Fast BundleAdjustment (FBA) is faster than the traditional Bundle Adjustment. In fact, FBA is called only in OnePiece and does not have a very standard name. The difference between it and BundleAdjustment is the optimization variables and objective functions. FBA only optimizes the camera pose, The optimization objective function is:

\[ E(T) = \sum_{i}^{\vert\Omega\vert}\sum_{j}^{\vert C_{i}\vert}\Vert T_sp_{s(j)} - T_tp_{t(j)} \Vert^2 \]

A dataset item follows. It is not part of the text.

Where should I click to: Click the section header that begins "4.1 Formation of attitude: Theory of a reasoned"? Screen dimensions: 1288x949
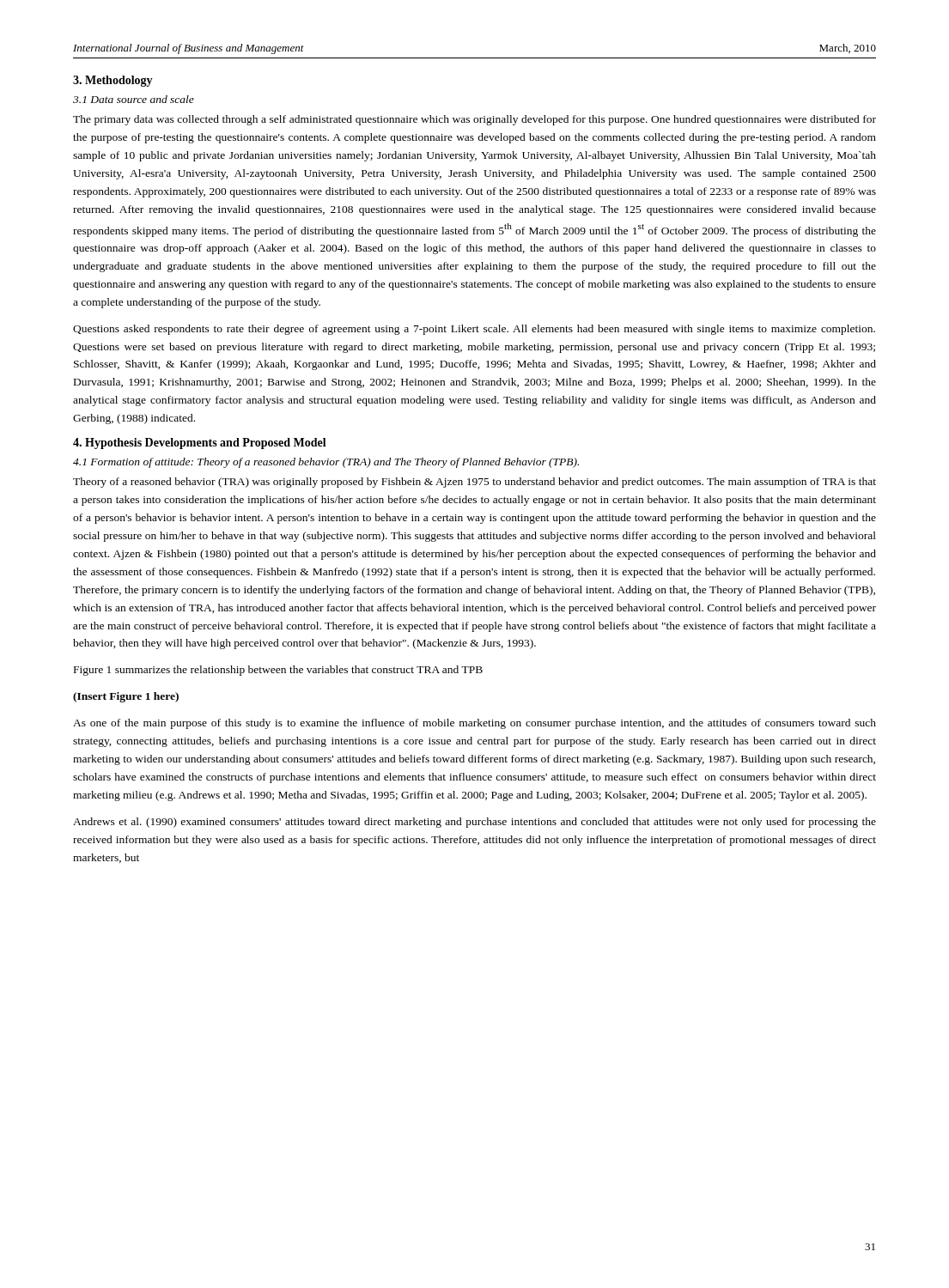click(x=474, y=462)

$\Omega$ refers to all frame correspondences, $C_{i}$ refers to the $i$ frame correspondence, which is composed of multiple point correspondences. $T_s and T_t$ represent the poses of the source frame and target frame in the frame correspondence, respectively. $p_(s(j))$ represents the source point in the $j$th point correspondence. For the optimization of this part, you can refer to the article fastgo, you can also find it in related_paper/fastgo.pdf. This article contains more optimization techniques to improve system efficiency, while OnePiece only implements the basic parts. The functions are as follows:

void FastBA(const std::vector<Correspondence> &correspondences, geometry::SE3List &poses, int max_iteration =5);

Bundle Adjutment

n addition to optimizing the pose, the traditional BundleAdjustment (BA) also optimizes the 3D point coordinates in the world coordinate system, and the optimization goal is the 2D reprojection error. Generally speaking, the input of the traditional BA is the 3d point in the world coordinate system, camera poses, the projected 2D coordinates of 3D points in each frame. The objective function is:

\[ E(T, p) = \sum_i^{N_f}\sum_{j}^{N_p}\Vert u_{i,j} - \omega(T_i^{-1} p_j) \Vert, \]

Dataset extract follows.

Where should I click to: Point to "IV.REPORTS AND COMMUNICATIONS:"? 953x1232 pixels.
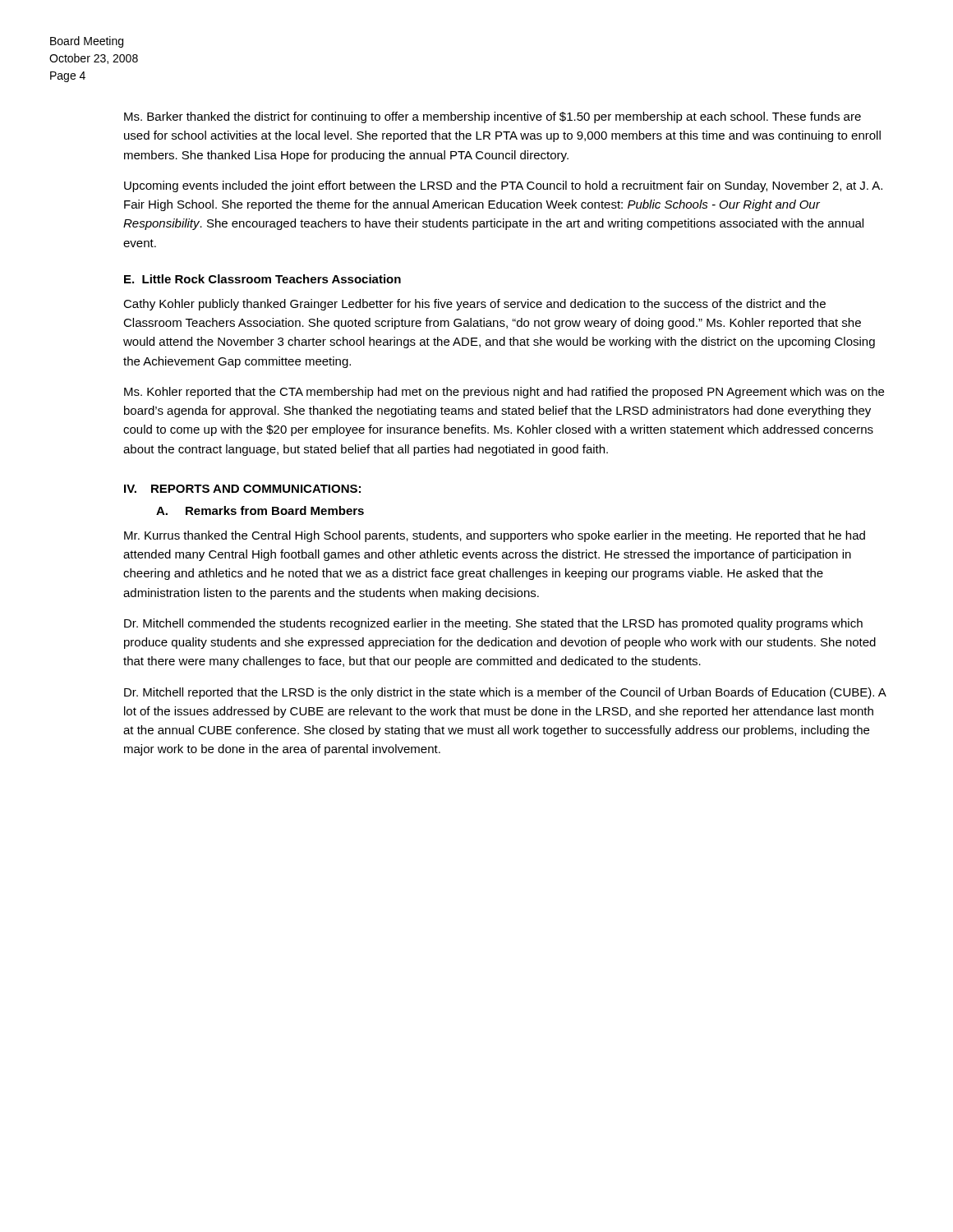click(243, 488)

$N_f$ is the number of camera poses (frame), $N_p$ is the number of world coordinate points, and $u_{i,j}$ is the actual projection position (uv coordinates during feature matching), and $\omega $ is a function for calculating reprojection.

For this optimization, in addition to optimizing the camera pose, it also optimizes the position of the point in the world, which means the optimization of the noise in the projection process. However, because the number of world points is often very large, the final optimization matrix dimension is tens of thousands, even millions, which highly limits the solving speed. BA is a very classic method, which was proposed long before the emergence of SLAM, and there are many variants of it, acceleration methods. This part is just an implementation of the basic idea.

void BundleAdjustment(geometry::Point3List &world_points, 
    std::vector<ProjectedPointsOnFrame> &projected_points, 
    geometry::SE3List &poses,
    const camera::PinholeCamera &camera, int max_iteration = 20);

When implementing FastBA, OnePiece uses the Gauss-Newton optimization method, and BA must use the Levenberg-Marquardt algorithm, because it is easy to appear singular matrices, which causes Gauss-Newton to become very fragile and makes the result unable to converge. For the detailed derivation of BA, refer to related_paper/BARevisited.pdf.

Look the examples: bundle adjustment of two frames.